There is no way in hell we could've re-keyed 2 days of transactions. As it turned out, we figured the thing to do would be to restore the last backup (Sunday night's) to our test environment and try to run the repair at least in 'test' first. So I restored the database and figured I would at least run an integrity check in there just to make sure I get the same error message as I got in production about the consistency errors. When I ran the DBCC command, the database was fine (no errors). So then I got to thinking that maybe the rebuild of the indexes that occurred after the integrity check might have corrected the problem? ANy help on this would be appreciated.

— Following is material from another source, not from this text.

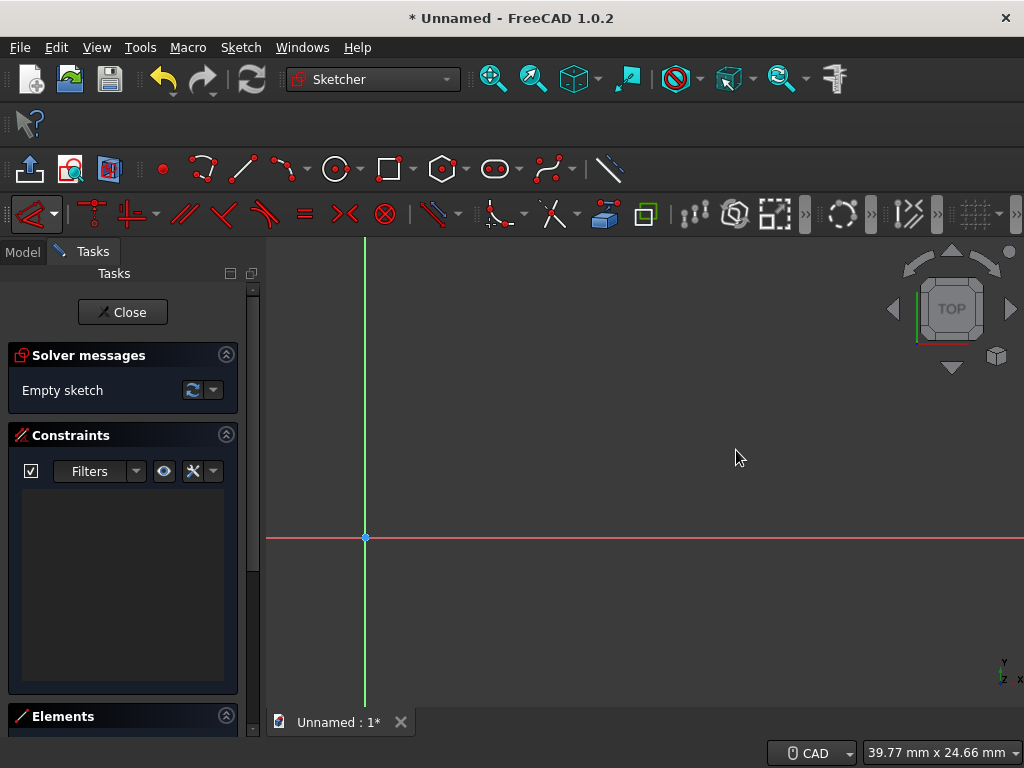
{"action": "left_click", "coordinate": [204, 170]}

Another question I have is how often do you run a database integrity check on your databases? Maybe we should do this each night? I don't want to experience this again ever!

Regards,
Bessebo
 
I run my db check nightly. I run it nightly just for the reason you described above.

Does the problem still exists in you prod database. You test database was corrected by the database restore.

Does the problem still exists???
If so
Try this.
Run a full backup of the database with the error. Restore that database to your test server then run CHECKDB. The problem should be gone.
The consistency error should be corrected in the restore.

- Paul
- If at first you don't succeed, find out if the loser gets anything.
 
I am sorry but I forgot to mention that after I noticed that the problem was gone in the Test environment I then ran the database integrity check on our production database and it was CLEAN. So, this tells me, that the restore did not resolve the problem in our production environment because I never did a restore there...So the only thing that occurred on the production database was the rebuilding of indexes. Or maybe there are processes running in the background to correct consistency issues?
 
There wouldn't be any background processes that would correct it unless you ran it. It may have been corrected by the re-index.

- Paul
- If at first you don't succeed, find out if the loser gets anything.
 
Yeah, I was actually trying to test that out last night but the re-index ended up eating up all of our space in our Test Room. I am restoring our test room now and will just rebuild the index of the one table that had the consistency error.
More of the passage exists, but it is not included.